Archive | June, 2013

Miracles Involve a Shift in Perspective

30 Jun

I remember the day my daughter was born. After months of indigestion, not being able to sleep (due to the gymnast residing in my belly), yeast infections, and a changed center of gravity, I went through this scary, uncertain experience called birth. I was 24 years old. It was painful and I didn’t know how long it would last, but in the end, I got the most beautiful gift…mi hija. Those were the days when you had to wait for someone to announce, “It’s a girl” or boy. After she was born, I was amazed at my body that had grown a child, birthed it into the world and was fully equipped to feed her. I had very little to do with it really, but I had faith and trust in this miraculous process.

There are times when I feel like I’m giving birth to this experience called, “moving to Mexico”. I’ve felt much less stressed this week. The house is prepped for selling and we have shown it several times. No one has backed a Brinks truck up to our door and unloaded the required bags of money (my vision). Today and every Sunday we are having an open house until it sells.

We are butterflies struggling out of the cocoon to spread our wings and fly. The struggle is itself part of the miraculous process that is required to throw off the cocoon and strengthen our wings for that migrational trip south. At times it is difficult to hang onto this enlightened perspective, the struggle is part of the process and something to be embraced with lessons of its own.

Visiting Bakersfield

Napping @Grandma’s

2011_Alex_Felice

Taking silly pics with the computer.

San Diego Tea Time

Stressing About Being Stressed

24 Jun

I detach myself from preconceived outcomes and trust that all is well.
~Anita Moorjani~

This is not the sexy part of the Adventures of Dos Tortas.

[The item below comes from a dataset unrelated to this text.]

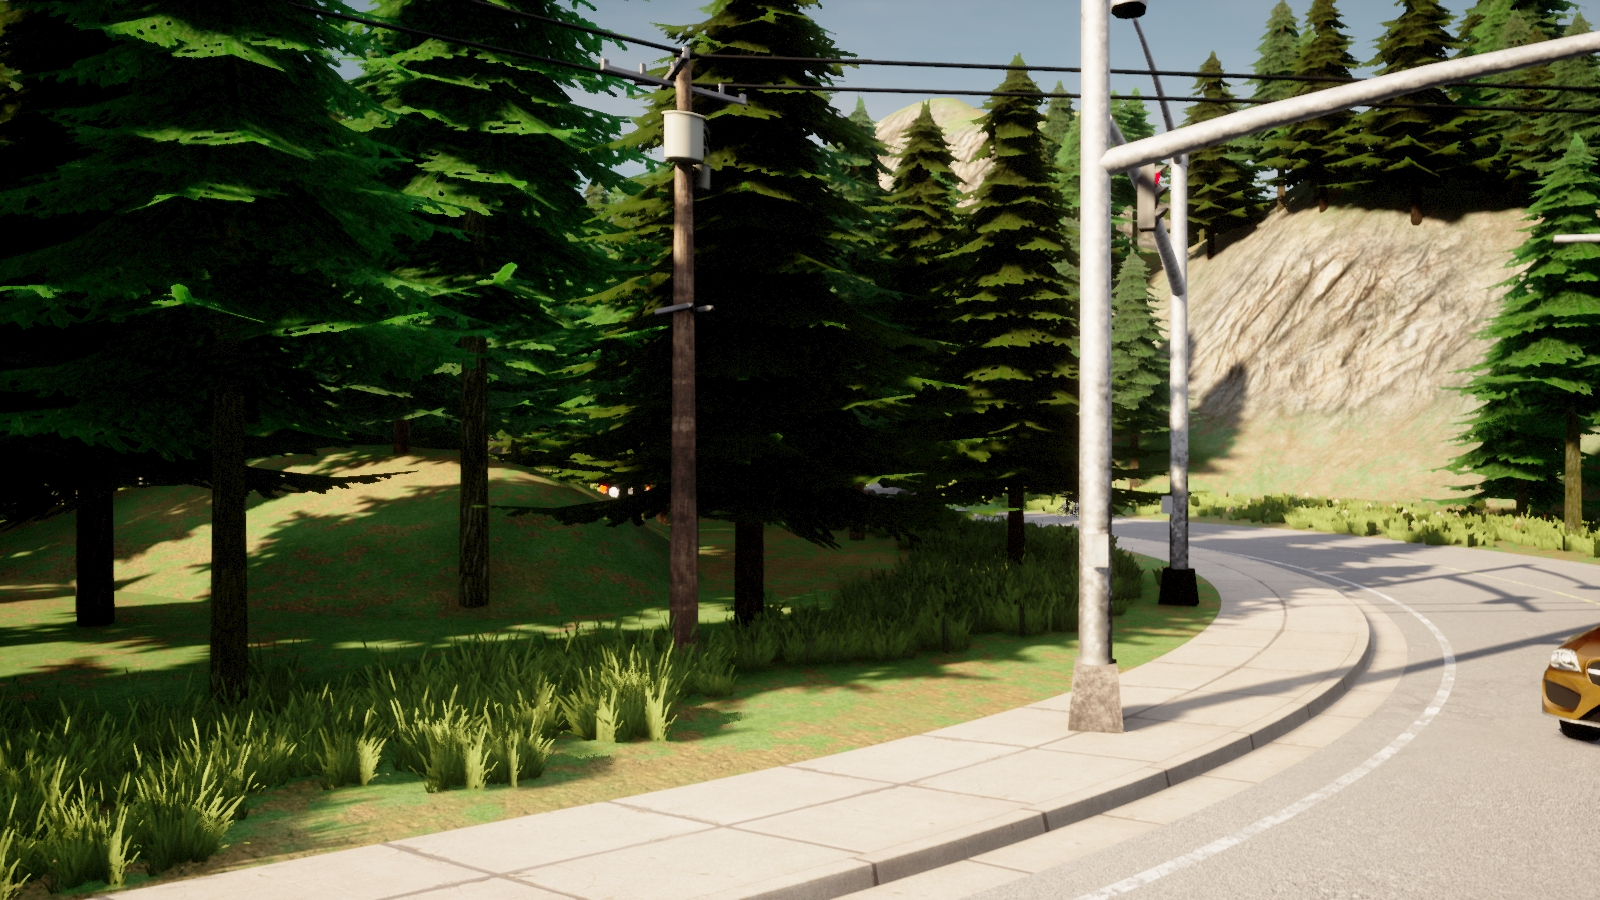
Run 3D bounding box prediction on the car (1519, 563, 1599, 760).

Lisa got out of the hospital on Wednesday with a diagnosis of IBS (Irritible Bowel Syndrome). The combination of less than stellar eating and stress equals severe abdominal pain for her. For me it translates into chest pain and heart palpitations. This is NOT the fun part. At this point, all we can do is TRUST. We have no control, none, zilch, zippidy-doo-dah on the control. We KNOW the house will sell. We don’t know when or to whom. Our rental house is sold and closed. The FOR SALE sign on our present house is out on the curb and we’ve already had a serious looker. They’re bringing a contract. We’ll see.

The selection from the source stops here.